Going back to the French Revolution, Hoffman explained that “terrorism”-or régime de la terreur- was first used to refer to “revolutionary or antigovernmental activity undertaken by nonstate or subnational entities, and an instrument of governance wielded by the recently established revolutionary state” (p. 3). Then the meaning of terrorism changed at the end of the French Revolution to be associated with “the abuse of office and power—with overt criminal implications”, when the French executed those who abused their power and resorted to régime de la terreur to eliminate political opponents (p. 4)

According to Hoffman, the French Revolution led to the spread of antimonarchical sentiment elsewhere in Europe during a period of time when nationalism and Industrial Revolution have generated massive socioeconomic changes, and hence a new era of terrorism emerged; terrorism based on ideology (p. 5). Pisacane’s dictum of “propaganda by deed” became the inspiration for new form of revolutionary antimonarchical terrorist movements, which dominated the nineteenth’s century, based on new “universalist” ideologies such as communism/Marxism (p. 5). Pisacane wrote “ideas result from deeds, not the latter from the former, and the people will not be free when they’re educated, but educated when they’re free” (p. 5). He argued that violence was necessary not only to draw attention to, or generate publicity for, a cause, but also to inform, educate, and ultimately rally the masses behind the evolution (p. 5). The Russian Narodnaya Volya, or People’s Will in 1878; the Anarchist International, or Black International in London; the Fenian Brotherhood in 1858; the Irish Clan na Gael in 1873; and the Inner Macedonian Revolutionary Organization (IMRO) in 1880s, all have had revolutionary connotations and have been influenced by the Pisacane dictum (p. 11)

By the 1930s, the meaning of terrorism changed again to become more internal, where it became “used less to refer to revolutionary movements and violence directed governments and their leaders and more to describe the practices of mass repression employed by totalitarian states and their dictatorial leaders against their own citizens”( p. 14), a term Hoffman identified as “terror” (p. 16). Hoffman suggested that terror and terrorism are two distinctive terms—terror is described as “ state-sanctioned or ordered acts of internal political violence directed mostly against domestic populations—that is, rule by violence and intimidation by those already in power against their own citizenry”, whereas terrorism is committed by nonstate actors, (Hoffman, pp. 15-16). Examples of terror committed by states are the Fascist Italy, Nazi Germany, and Stalinist Russia (p. 14)
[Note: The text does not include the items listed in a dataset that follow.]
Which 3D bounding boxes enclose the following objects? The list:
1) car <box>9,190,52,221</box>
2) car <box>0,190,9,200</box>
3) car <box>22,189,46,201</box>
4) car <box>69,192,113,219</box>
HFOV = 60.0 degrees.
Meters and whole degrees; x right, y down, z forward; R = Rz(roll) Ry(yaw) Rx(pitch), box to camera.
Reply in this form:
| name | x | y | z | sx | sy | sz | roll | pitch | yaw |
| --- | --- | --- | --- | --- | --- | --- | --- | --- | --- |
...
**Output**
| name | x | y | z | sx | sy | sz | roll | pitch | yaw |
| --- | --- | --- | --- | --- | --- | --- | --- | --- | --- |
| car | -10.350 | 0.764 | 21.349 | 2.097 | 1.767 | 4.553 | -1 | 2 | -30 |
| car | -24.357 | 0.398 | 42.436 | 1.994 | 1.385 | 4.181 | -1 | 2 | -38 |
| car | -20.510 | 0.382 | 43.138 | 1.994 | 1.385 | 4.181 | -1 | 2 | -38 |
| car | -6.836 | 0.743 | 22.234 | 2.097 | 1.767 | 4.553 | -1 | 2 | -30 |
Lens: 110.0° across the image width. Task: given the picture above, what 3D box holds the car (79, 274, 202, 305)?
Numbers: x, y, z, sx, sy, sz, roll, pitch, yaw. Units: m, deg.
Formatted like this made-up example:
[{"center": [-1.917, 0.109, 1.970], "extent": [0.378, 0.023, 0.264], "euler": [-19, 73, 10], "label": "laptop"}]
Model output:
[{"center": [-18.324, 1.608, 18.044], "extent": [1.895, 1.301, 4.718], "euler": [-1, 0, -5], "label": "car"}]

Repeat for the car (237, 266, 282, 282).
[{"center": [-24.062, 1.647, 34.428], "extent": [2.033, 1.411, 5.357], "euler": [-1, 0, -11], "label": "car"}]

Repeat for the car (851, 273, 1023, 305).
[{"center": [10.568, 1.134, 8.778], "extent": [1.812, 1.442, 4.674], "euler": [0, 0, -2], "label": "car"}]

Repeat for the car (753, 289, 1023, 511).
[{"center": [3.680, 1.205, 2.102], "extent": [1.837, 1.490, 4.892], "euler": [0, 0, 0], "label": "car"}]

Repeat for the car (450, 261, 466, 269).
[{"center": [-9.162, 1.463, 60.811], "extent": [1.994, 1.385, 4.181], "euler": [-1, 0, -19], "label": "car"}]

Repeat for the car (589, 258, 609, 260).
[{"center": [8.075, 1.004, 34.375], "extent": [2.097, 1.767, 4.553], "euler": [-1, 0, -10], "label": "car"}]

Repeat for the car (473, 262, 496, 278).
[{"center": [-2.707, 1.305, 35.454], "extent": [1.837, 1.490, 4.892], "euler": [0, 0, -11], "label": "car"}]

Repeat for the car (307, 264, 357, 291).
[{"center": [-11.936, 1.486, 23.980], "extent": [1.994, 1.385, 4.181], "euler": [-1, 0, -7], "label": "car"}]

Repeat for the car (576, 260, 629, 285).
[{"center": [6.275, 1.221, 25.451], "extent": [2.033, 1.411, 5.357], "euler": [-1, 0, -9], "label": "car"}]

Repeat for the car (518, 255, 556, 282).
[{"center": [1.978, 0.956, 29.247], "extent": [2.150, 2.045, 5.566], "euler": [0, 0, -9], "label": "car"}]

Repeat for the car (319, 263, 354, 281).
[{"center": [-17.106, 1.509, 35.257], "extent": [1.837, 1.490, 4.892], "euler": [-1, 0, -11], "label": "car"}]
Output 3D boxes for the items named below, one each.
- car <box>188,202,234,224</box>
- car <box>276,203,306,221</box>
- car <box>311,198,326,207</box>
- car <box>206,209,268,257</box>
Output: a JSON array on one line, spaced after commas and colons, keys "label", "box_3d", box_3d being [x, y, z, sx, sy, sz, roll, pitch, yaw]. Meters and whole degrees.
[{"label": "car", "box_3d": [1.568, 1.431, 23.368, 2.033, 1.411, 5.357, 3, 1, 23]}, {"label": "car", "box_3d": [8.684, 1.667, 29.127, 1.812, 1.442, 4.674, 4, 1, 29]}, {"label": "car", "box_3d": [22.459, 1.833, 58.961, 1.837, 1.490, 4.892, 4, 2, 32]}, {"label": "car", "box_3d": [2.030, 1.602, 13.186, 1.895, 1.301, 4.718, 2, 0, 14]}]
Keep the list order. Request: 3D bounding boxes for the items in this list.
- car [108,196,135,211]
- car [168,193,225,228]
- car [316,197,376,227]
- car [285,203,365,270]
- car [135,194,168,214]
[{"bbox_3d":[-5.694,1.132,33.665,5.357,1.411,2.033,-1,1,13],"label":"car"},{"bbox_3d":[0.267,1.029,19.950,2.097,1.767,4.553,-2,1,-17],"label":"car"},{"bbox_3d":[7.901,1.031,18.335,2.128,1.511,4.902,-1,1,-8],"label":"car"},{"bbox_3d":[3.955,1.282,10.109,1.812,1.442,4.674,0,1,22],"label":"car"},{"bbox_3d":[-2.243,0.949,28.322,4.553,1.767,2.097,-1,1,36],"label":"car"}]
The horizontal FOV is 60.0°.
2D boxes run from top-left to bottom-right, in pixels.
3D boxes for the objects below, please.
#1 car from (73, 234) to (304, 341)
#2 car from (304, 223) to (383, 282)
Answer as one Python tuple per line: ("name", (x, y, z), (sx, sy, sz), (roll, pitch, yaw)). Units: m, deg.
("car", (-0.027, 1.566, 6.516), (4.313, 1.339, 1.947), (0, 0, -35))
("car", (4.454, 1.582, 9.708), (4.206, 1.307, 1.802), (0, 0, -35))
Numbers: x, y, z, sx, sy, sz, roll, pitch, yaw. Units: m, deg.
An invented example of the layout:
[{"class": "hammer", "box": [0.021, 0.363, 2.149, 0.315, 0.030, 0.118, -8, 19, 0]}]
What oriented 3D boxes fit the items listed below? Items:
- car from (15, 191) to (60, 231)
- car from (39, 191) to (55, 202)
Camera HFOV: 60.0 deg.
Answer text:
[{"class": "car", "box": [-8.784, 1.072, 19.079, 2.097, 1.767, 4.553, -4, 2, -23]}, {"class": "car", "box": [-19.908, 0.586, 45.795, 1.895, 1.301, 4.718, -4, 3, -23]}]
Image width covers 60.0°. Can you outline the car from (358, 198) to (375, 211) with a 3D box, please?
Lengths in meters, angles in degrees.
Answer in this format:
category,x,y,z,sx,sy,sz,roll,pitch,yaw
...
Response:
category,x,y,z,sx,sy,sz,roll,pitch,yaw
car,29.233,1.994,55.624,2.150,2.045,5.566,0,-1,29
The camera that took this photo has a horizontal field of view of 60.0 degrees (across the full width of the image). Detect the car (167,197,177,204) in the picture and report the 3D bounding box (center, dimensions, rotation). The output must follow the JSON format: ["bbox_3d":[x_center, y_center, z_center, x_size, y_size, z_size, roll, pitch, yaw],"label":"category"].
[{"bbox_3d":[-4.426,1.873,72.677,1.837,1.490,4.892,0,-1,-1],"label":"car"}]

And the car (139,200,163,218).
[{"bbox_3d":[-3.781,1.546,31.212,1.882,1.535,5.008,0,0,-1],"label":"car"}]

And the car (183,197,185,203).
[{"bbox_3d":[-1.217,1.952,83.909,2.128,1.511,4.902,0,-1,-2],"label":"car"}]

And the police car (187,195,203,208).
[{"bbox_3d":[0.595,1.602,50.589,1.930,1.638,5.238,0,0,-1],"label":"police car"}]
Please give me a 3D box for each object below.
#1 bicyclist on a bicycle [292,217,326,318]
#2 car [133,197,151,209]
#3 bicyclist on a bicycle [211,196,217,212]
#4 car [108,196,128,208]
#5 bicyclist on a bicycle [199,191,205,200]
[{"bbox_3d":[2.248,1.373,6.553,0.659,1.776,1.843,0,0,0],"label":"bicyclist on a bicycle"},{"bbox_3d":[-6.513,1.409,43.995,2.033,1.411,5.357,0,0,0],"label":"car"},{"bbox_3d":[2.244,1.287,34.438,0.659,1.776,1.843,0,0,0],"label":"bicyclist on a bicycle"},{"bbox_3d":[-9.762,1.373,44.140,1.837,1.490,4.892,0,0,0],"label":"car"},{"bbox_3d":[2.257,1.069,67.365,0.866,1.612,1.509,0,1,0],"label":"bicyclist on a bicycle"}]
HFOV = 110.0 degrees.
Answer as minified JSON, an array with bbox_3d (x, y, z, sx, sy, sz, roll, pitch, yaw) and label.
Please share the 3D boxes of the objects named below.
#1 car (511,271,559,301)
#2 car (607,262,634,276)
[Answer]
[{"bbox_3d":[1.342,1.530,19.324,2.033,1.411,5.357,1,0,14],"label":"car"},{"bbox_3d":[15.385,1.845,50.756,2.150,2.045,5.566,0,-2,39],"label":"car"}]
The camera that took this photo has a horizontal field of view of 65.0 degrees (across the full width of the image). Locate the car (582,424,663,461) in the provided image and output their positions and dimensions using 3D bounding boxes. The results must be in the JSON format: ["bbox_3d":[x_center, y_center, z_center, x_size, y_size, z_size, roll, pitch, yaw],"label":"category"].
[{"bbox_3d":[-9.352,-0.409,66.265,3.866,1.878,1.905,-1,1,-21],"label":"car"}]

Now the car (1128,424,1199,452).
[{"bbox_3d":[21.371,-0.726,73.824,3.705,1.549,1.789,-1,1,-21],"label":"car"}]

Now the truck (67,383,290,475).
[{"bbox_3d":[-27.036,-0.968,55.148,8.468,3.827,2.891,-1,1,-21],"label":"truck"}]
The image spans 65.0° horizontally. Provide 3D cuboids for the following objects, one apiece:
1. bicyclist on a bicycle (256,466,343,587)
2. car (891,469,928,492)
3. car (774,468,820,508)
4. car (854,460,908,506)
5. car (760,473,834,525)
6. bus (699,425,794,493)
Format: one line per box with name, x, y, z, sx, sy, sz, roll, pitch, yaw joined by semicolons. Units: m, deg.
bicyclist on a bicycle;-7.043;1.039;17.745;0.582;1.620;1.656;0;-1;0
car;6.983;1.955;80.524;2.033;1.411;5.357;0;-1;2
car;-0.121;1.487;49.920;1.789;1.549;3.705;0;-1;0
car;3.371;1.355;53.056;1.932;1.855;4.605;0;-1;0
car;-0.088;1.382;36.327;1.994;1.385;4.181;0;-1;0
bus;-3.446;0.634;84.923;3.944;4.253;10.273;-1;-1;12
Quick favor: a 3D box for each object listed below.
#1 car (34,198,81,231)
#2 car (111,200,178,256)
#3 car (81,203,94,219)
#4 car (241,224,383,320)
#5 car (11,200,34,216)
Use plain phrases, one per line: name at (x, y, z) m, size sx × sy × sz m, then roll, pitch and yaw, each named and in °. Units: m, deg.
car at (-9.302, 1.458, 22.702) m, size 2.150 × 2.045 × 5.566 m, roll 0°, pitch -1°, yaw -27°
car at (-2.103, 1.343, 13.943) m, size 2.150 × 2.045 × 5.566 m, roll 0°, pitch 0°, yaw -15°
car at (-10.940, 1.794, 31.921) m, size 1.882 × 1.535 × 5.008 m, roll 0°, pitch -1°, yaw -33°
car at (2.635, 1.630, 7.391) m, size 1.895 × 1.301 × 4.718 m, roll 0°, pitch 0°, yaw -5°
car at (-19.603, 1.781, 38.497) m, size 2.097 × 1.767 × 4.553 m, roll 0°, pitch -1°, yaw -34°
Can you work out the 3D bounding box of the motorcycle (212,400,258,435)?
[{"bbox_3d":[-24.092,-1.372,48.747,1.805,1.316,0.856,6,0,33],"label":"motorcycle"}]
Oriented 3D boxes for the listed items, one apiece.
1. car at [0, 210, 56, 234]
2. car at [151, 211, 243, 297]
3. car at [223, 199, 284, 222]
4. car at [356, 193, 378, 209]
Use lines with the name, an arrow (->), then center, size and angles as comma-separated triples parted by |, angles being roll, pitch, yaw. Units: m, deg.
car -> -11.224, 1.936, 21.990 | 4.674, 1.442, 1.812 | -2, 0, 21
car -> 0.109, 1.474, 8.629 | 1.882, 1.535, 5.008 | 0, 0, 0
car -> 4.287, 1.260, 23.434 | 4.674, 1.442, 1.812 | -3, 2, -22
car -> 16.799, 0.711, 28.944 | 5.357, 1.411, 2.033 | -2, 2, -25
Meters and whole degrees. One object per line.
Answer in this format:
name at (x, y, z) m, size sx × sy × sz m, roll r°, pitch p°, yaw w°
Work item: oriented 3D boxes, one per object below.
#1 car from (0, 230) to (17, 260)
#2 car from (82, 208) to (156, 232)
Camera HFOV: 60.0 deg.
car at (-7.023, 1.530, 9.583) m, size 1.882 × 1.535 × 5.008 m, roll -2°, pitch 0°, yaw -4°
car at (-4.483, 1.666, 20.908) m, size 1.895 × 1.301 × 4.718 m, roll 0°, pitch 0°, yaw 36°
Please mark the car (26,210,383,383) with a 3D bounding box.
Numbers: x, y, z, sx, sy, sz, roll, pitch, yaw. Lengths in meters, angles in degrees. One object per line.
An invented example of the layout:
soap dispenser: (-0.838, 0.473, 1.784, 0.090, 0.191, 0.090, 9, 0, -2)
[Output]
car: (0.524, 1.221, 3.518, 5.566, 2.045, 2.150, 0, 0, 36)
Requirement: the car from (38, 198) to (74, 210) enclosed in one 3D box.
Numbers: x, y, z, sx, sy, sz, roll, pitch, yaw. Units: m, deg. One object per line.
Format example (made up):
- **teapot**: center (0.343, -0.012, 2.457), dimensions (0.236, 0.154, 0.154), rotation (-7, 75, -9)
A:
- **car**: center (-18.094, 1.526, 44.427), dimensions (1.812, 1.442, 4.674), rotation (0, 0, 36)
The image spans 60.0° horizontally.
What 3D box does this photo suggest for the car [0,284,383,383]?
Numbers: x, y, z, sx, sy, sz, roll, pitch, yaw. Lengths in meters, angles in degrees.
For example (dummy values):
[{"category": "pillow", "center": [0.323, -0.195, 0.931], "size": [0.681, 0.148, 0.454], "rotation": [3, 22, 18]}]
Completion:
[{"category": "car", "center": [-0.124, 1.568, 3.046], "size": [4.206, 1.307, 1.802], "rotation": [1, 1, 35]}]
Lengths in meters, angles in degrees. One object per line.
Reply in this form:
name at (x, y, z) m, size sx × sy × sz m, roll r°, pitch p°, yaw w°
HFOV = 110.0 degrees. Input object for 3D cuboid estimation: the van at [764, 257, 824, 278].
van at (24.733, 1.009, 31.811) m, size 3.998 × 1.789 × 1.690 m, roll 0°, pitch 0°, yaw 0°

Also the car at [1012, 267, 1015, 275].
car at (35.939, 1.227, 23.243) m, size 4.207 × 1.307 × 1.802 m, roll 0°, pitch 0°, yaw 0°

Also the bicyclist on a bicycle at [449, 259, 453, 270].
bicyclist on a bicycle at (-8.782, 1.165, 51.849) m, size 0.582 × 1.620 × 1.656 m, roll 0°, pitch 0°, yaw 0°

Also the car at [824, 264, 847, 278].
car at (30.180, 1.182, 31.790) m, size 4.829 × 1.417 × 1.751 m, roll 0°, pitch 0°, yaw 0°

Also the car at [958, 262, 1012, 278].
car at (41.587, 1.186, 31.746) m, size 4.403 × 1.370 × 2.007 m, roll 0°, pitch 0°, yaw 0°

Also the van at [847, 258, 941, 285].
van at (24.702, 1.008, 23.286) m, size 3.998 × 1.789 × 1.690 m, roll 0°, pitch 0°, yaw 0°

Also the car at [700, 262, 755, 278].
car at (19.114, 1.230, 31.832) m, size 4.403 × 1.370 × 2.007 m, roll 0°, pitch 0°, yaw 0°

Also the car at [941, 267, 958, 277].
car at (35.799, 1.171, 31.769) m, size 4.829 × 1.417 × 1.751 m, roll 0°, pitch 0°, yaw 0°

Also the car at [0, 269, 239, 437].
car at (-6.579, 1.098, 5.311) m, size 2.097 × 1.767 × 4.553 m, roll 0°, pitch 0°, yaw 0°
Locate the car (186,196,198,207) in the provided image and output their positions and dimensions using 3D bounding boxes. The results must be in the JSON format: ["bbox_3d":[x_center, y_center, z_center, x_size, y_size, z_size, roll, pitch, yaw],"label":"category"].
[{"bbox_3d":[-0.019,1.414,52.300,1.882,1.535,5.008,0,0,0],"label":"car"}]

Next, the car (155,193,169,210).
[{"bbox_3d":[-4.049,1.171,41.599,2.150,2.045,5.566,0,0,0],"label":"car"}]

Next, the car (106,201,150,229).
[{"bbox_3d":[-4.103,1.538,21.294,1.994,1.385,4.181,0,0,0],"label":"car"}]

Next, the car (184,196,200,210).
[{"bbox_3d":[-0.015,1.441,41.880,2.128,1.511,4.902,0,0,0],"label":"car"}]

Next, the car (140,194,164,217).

Hoffman’s distinction between terror and terrorism would mean that policy-makers should approach and handle them differently. While terrorism committed by nonstate actors-groups or individuals- is dealt with through countermeasures that may involve military operations across state borders, terror committed by states against its own citizenry is considered a domestic or internal issue that might not invite the same international collective response. For example, several autocratic and authoritarian regimes in the Third World continue to use terror against political opponents and engage in systematic campaign of intimidation, but yet are not dealt with the same way as those groups or entities that practice terrorism. Therefore, in that regards, policy-makers do make distinction between terror and terrorism and that difference is reflected in their policies

Following WWII, Hoffman argued that terrorism regained its revolutionary connotations with which it is most commonly associated today with contemporary terrorism (p. 16). He added that terrorism was used to refer to the violent revolts by “the various indigenous nationalist/anticolonialist groups that emerged in Asia, Africa, and the Middle East during the late 1940s and 1950s to oppose continued European rule” and waging “wars of liberation” (p. 16). Although such movements in Israel, Kenya, Cyprus and Algeria were labeled as “terrorist” groups, many newly independent Third World countries, supported by communist-bloc states, argued that any movement that fought against “colonial” oppression and/or Western domination should not be described as “terrorist” but instead deemed to be “freedom fighters”, according to Hoffman (p.16).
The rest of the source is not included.